Al petróleo, en su forma natural, también se le llama “crudo”. Mediante los procesos de refinación, el “crudo” se transforma en diferentes productos, como GLP, gasolina, diésel, asfalto, alquitrán.

El petróleo tiene fracciones líquidas y gaseosas. En su fracción líquida puede variar desde liviano, hasta pesado y extrapesado. De esta condición depende su clasificación por parte del American Petroleum Institute (API). Cuantos más grados API tenga un crudo, mayor será su valor comercial, pues menores serán los costos de refinación para obtener los productos más valiosos (llamados “blancos”; entre ellos, la gasolina).

El petróleo se clasifica como liviano cuando su gravedad API es mayor a 31,1°; mediano cuando su gravedad API varía entre 22,3 y 31,1°; pesado con gravedades API entre 10° y 22,3°, y extrapesado, con gravedades API menores a 10°. Los petróleos también se clasifican entre “dulces” (que contienen menos del 0,5 % de azufre) y “agrios” (con más del 1,0 % de azufre).

En Colombia existen 23 zonas geológicas, o cuencas, con potencial hidrocarburífero.
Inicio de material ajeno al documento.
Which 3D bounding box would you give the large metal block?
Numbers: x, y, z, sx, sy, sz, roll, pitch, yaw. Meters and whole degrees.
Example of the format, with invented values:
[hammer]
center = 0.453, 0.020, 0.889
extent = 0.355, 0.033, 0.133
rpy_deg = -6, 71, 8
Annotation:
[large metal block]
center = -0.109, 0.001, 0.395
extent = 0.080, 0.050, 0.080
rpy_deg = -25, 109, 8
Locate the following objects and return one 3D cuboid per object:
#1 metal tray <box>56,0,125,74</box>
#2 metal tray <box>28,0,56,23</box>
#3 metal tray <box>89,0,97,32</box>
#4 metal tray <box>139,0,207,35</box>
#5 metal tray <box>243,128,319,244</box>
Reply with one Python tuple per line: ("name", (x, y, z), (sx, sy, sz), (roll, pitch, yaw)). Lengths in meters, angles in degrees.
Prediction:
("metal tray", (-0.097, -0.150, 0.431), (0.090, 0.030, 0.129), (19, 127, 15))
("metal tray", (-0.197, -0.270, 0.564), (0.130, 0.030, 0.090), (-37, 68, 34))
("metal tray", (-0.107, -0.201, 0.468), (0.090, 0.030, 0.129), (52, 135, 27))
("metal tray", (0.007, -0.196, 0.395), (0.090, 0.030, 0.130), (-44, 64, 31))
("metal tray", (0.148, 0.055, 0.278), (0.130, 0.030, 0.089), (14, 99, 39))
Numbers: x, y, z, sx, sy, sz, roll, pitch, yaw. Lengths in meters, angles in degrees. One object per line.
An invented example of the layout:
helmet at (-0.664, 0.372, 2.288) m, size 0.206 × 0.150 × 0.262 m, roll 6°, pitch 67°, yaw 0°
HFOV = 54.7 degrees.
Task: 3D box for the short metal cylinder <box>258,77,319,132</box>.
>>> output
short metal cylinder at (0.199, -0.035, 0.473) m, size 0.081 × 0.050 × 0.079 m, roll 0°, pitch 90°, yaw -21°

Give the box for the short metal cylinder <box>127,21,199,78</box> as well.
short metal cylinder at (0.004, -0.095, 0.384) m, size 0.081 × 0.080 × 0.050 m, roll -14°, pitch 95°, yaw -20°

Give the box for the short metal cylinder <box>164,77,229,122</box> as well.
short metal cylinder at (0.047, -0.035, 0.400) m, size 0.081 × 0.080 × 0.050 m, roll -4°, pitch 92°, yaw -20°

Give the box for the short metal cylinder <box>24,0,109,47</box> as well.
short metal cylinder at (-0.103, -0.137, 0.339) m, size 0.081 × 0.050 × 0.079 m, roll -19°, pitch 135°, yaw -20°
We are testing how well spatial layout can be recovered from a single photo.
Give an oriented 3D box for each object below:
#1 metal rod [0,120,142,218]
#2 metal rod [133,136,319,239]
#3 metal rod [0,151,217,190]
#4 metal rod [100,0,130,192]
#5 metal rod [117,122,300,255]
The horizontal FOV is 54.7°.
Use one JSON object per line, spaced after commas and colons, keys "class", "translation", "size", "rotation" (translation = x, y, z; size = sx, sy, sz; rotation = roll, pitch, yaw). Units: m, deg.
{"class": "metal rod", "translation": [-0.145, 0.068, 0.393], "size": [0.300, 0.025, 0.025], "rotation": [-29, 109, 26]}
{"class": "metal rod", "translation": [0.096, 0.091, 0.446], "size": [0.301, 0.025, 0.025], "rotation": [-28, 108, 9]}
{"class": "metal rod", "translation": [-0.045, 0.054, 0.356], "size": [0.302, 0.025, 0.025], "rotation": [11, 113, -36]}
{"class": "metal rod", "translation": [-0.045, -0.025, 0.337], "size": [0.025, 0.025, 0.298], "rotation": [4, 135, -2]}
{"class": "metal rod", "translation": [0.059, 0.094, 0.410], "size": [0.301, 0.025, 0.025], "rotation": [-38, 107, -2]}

Nueve de ellas producen hidrocarburos: siete producen petróleo, y dos, gas. Las cuencas corresponden a zonas en las que se acumularon sedimentos ricos en materia orgánica con potencial de transformarse en hidrocarburos. De las siete cuencas productoras de crudo, solo tres concentran más del 90 % de la producción de petróleo. En orden de importancia, esas cuencas son: los Llanos Orientales, cuyo crudo tiene un API que oscila entre 12,1 y 18,6°; el Valle Medio del Magdalena, cuyo crudo tiene un API entre 17,2 y 24,5°; el Valle Superior del Magdalena, donde el 57,8 % se clasifica como mediano, el 29,5 % como pesado y el 10,8 % como liviano. Solamente en el Norte de Santander se extrae crudo liviano. En cinco departamentos se extraen crudos medianos (Arauca, Cauca, Huila, Nariño, Putumayo) y de los restantes departamentos se extraen crudos pesados.

Los productos extraídos del proceso de refinación son de dos tipos: los combustibles (GLP, gasolina, jet fuel, diésel y otros), y los petroquímicos (polietileno y ciclohexano, etc.). Otros productos que se derivan del petróleo son, por ejemplo, los cauchos sintéticos, solventes, plásticos, parafinas, detergentes, fungicidas, maquillaje y bases lubricantes.